I'm not a Boer person either, but I independently chose the first as well, on account of having the biggest, broadest frame to hang meat on, proportionately speaking.


----------



## Cedar Point Kikos (Oct 16, 2013)

I chose #1 as well. I really like him...would love to have does that look like that!


----------



## SMB_GoatHerd (Jan 22, 2014)

I have to agree with the others, but if I were to rank them, I would rank them 1, 3, 2. The first definielty has the biggest frame, and most balanced and would show well. He has thickness the whole way through, and just shows off the best of the three to me. The third one I would give more width and frame to him. He has a very slim, feminine looking neck, which I don't like, as per the fact he is a buck. He also is very steep looking in his rump. The third isn't very attractive looking to me. He has muscle and frame to him, but he has a very narrow chest and butt, and I can't tell if it's his legs, or if it's the way he is just set up. They are all very nice bucks, and you have quite the three studs there. Being young, I think they will grow into themselves and prove to be beautiful bucks.
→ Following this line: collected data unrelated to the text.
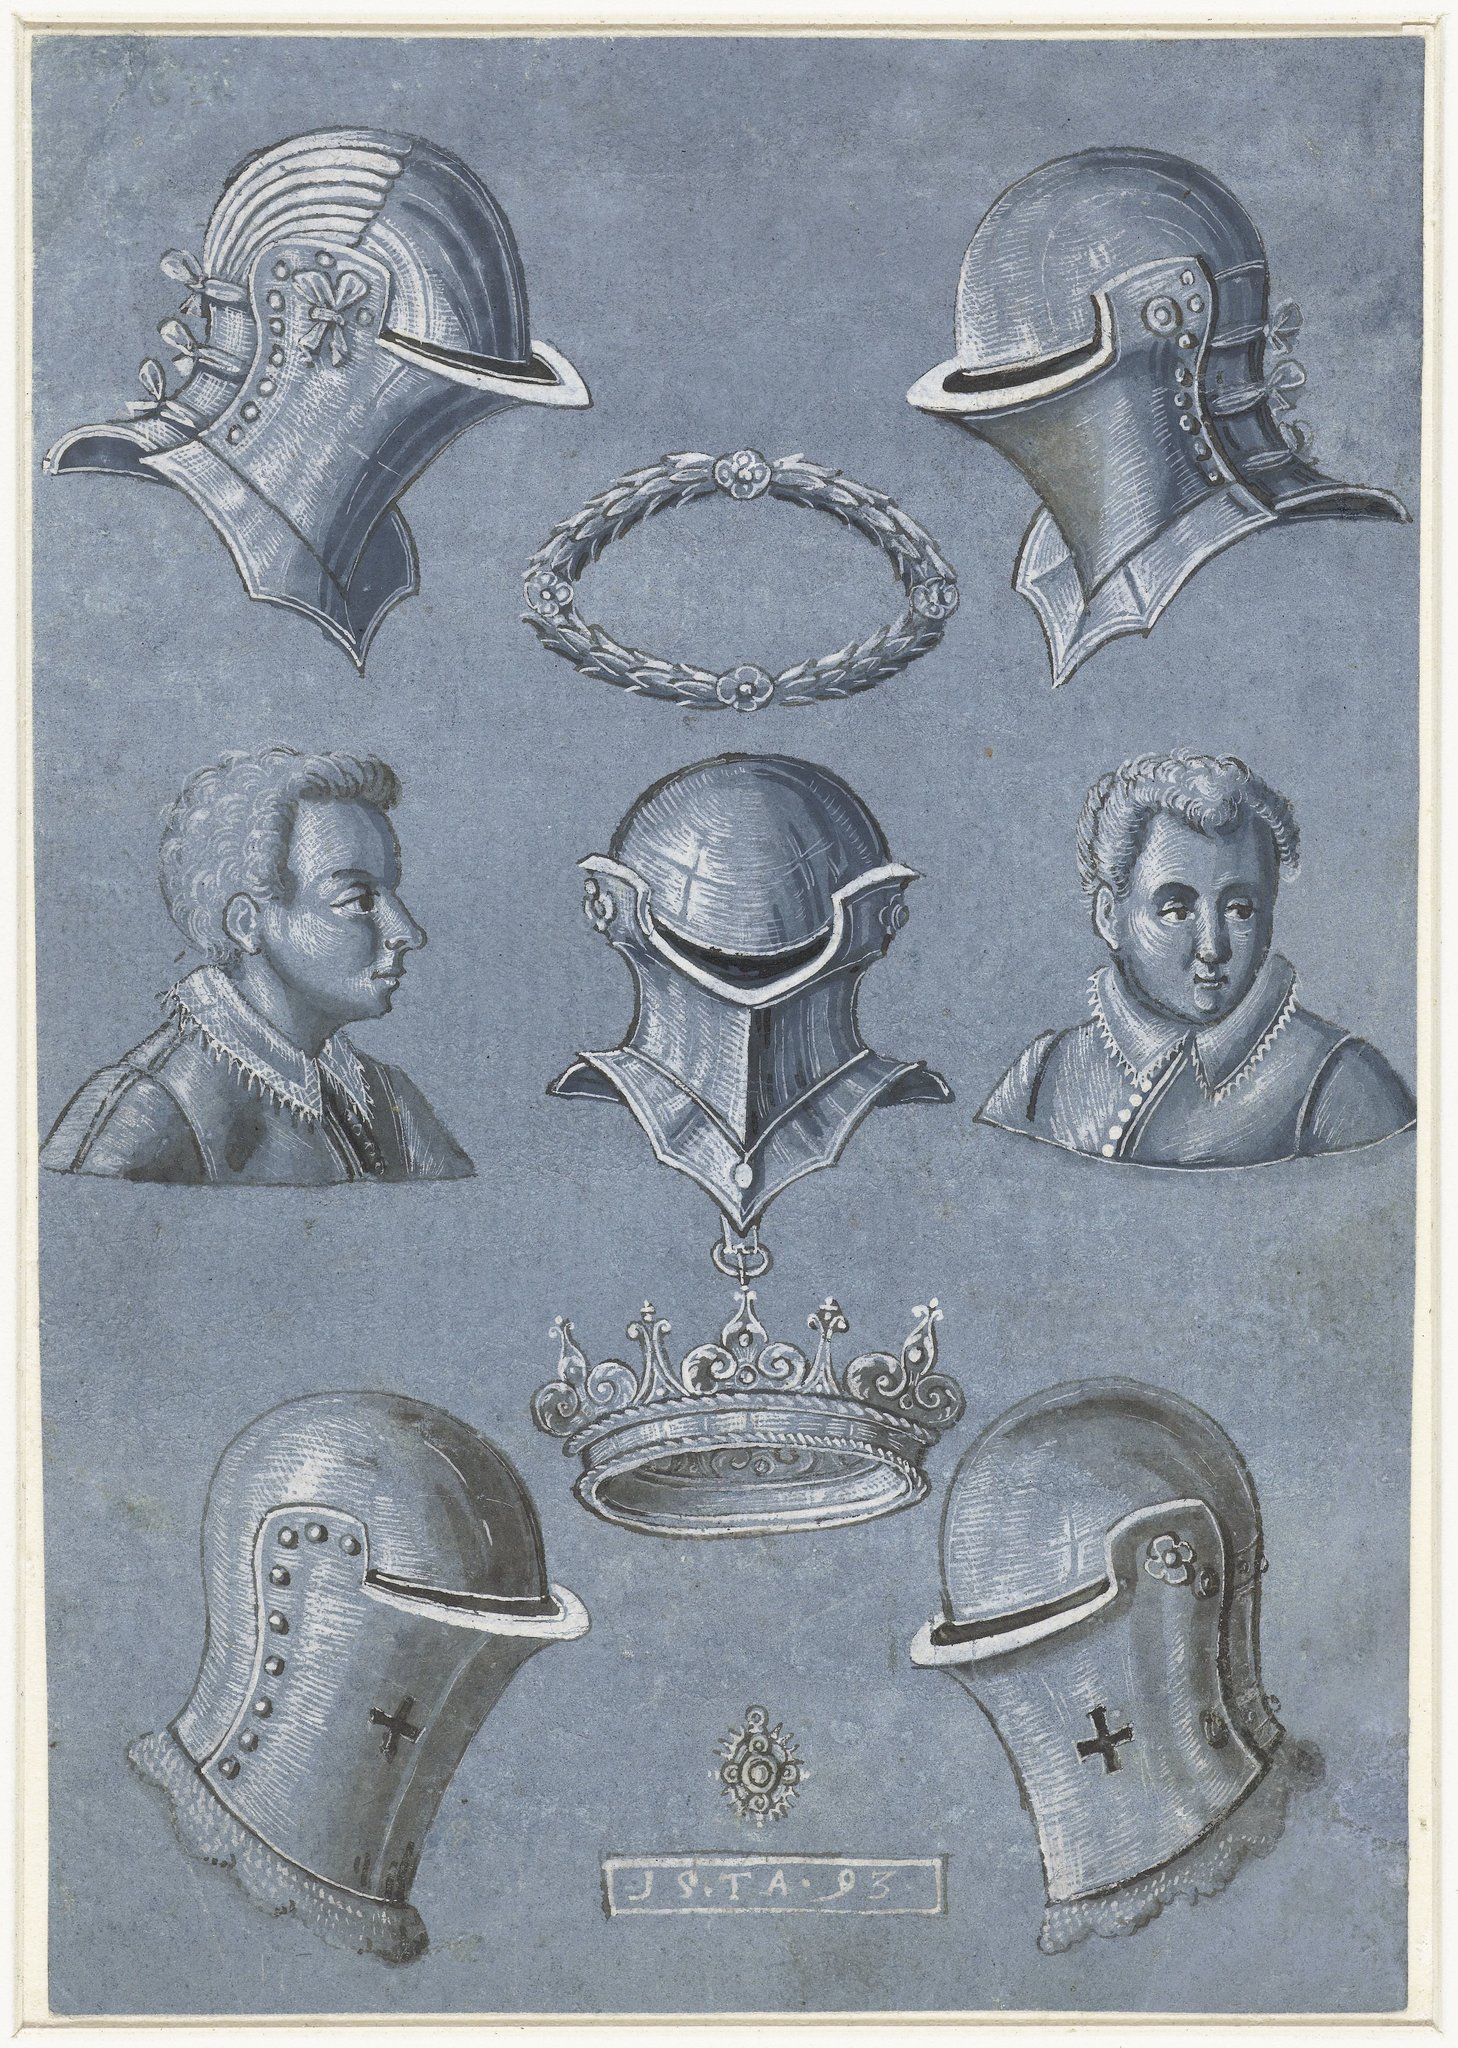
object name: drawing
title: Blad met vijf helmen, een kroon, een lauwerkrans en twee bustes van jongelingen
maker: monogrammist ta
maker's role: draughtsman
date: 1593
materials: paint, paper
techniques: brush
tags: helmet, crown (symbol of sovereignty)
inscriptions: date: ‘1593’

Well done though! They look nice!


----------



## Jessica84 (Oct 27, 2011)

I too agree. I'm not good at pin pointing things out but 1 just catches my eye more. I know a lot of people like long and that's something they really look for but 1 is just so dang handsome to me


Sent from my iPhone using Goat Forum


----------



## InTheCrookedPinesFarm (Mar 20, 2014)

3 and 1are nicest. I'm a boer kinda person. I think 3 looks pretty nice but...he's not as big as 1.


----------



## midlothianffa (May 5, 2013)

I agree that number 1 is the best but I like the head on the other 2 better than the first buck 


Sent from my iPhone using Goat Forum


----------



## JohnJ (Feb 13, 2014)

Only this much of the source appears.